Заседаниями последней, по свидетельству Аргунова, Азеф нередко манкировал:
это происходило потому, что, по рассказу г-жи N, все эти дни их лондонского
пребывания были сплошным пикником. Увеселительные поездки сменяли одна
другую. Только к одному вопросу Азеф отнесся с большим вниманием: уже после
того, как Центральным Комитетом была разработана смета расходов, в самый
последний момент, Азеф предъявил новые, повышенные требования денег на нужды
Боевой Организации. Центральный Комитет — как это обычно бывало, — {339}
уступил, и уже принятый бюджет «был пересмотрен наново» ...
Таким же сплошным пикником была и жизнь в Париже, куда Азеф вместе с г-жею
N. переехал после Лондона. Он даже внешне настолько переменился, что это
начало бросаться в глаза его товарищам по партии, — обычно мало внимательным
к мелочам этого рода. Всегда чисто выбритый, в щегольском прекрасно сшитом
костюме, он выглядел настоящим именинником.
... Как раз в дни этого «сплошного пикника» г-жа N. получила от Азефа
наибольшее число ценных подарков, — из которых только за один, — за
бриллиантовые серьги, купленные в Париже, — Азеф заплатил 25 тыс. франков
...
В заседаниях Центрального Комитета, которые предшествовали созыву суда, Азеф
участвовал в качестве полноправного члена и вместе с другими разрабатывал
программу поведения на суде. Но на самый суд явиться он не захотел: ему было
«противно купаться во всей той грязи, которую поднимает Бурцев»; сама мысль
о возможности объясняться с ним перед судом казалась оскорблением, и дело
«защиты своей чести» он полностью передоверил своим ближайшим товарищам по
партии. Последние все это принимали за чистую монету. Если бы против
кого-либо из них по роковому стечению обстоятельств было возведено
аналогичное обвинение, то они на самом деле испытывали бы приблизительно
такие же ощущения, — вполне естественным казалось им наличие их и у Азефа.

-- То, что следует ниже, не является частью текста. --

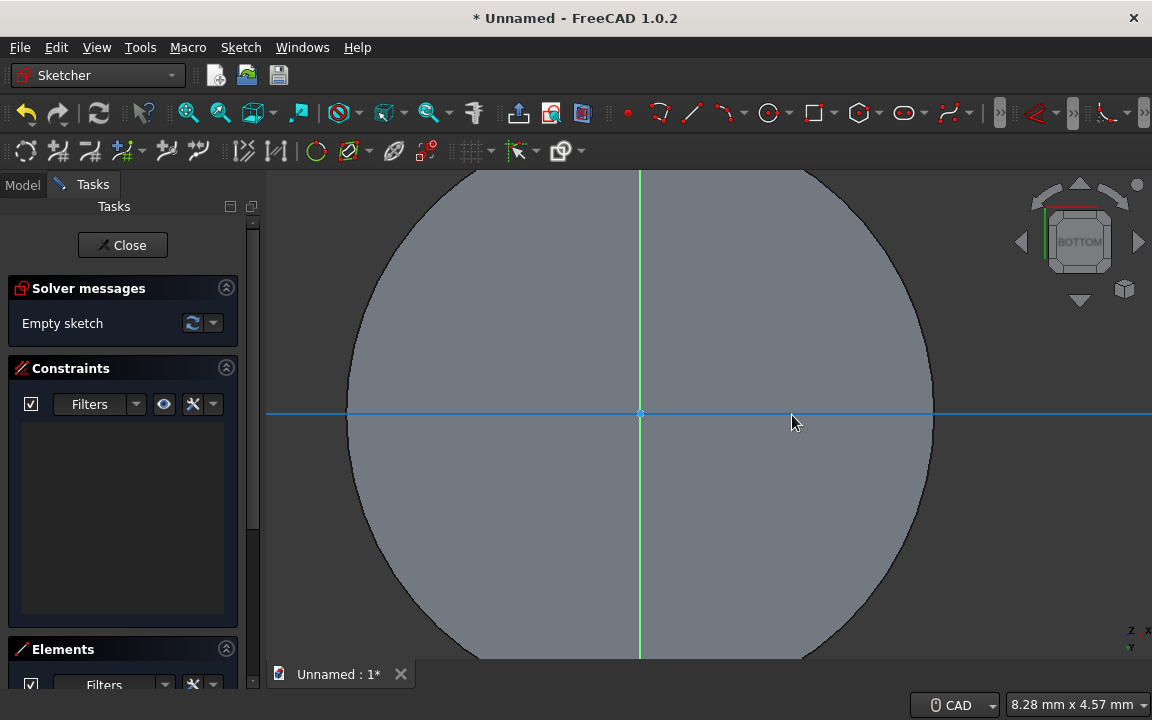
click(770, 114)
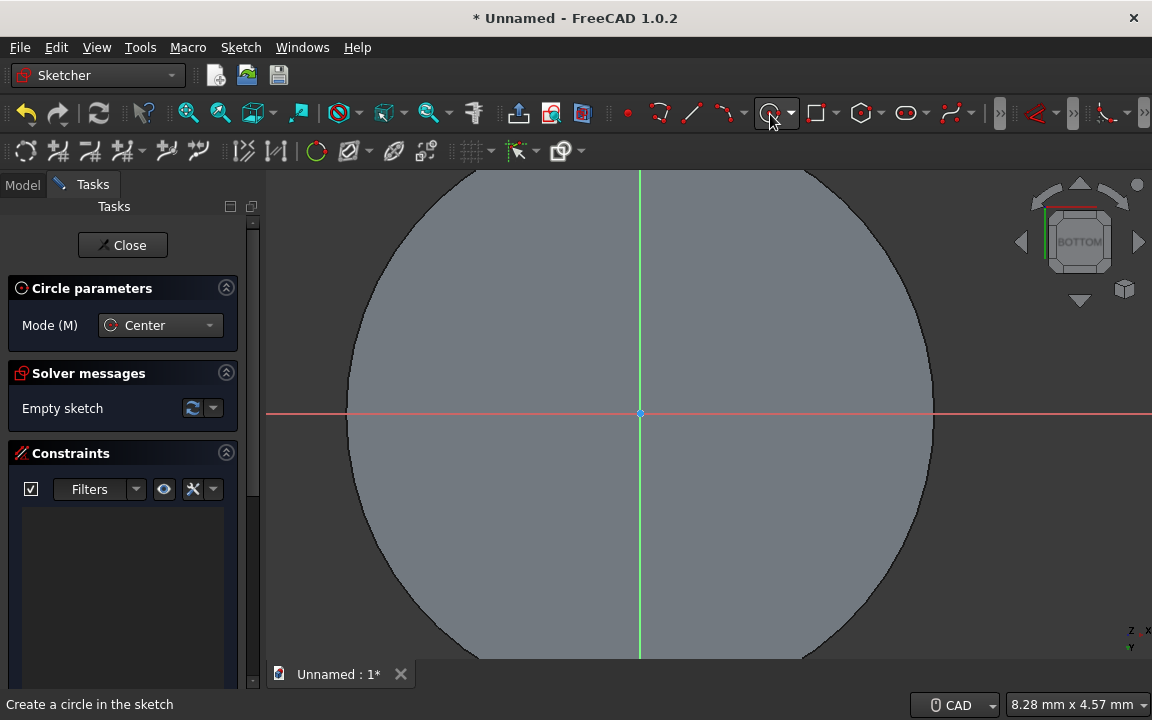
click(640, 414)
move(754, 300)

Поэтому они не только с готовностью взяли на себя дело «защиты его чести»,
но еще и сами уговаривали его уехать из Парижа, отдохнуть, успокоиться,
собраться с мыслями ...
Азеф действительно уехал, — в маленькое дачное местечко в Пиренеях, недалеко
от Биаррицы, где в то время жила его жена с детьми. С г-жей N. пришлось на
время расстаться: нужно было выдерживать {340} роль глубоко оскорбленного, —
а жизнь «сплошного пикника» могла броситься в глаза. Но, несмотря на
нависшую угрозу, мысли Азефа все время возвращались к г-же N.: жизнь в семье
после увеселительных поездок казалась до невозможности скучной. Его письма к
г-же N. от этих дней полны упреками за отсутствие писем и пожеланиями скорее
свидеться:
«Susse, liebe, — восклицает он в письме от 27 сентября, — как хотел бы я
иметь тебя здесь, чтобы купаться вместе!»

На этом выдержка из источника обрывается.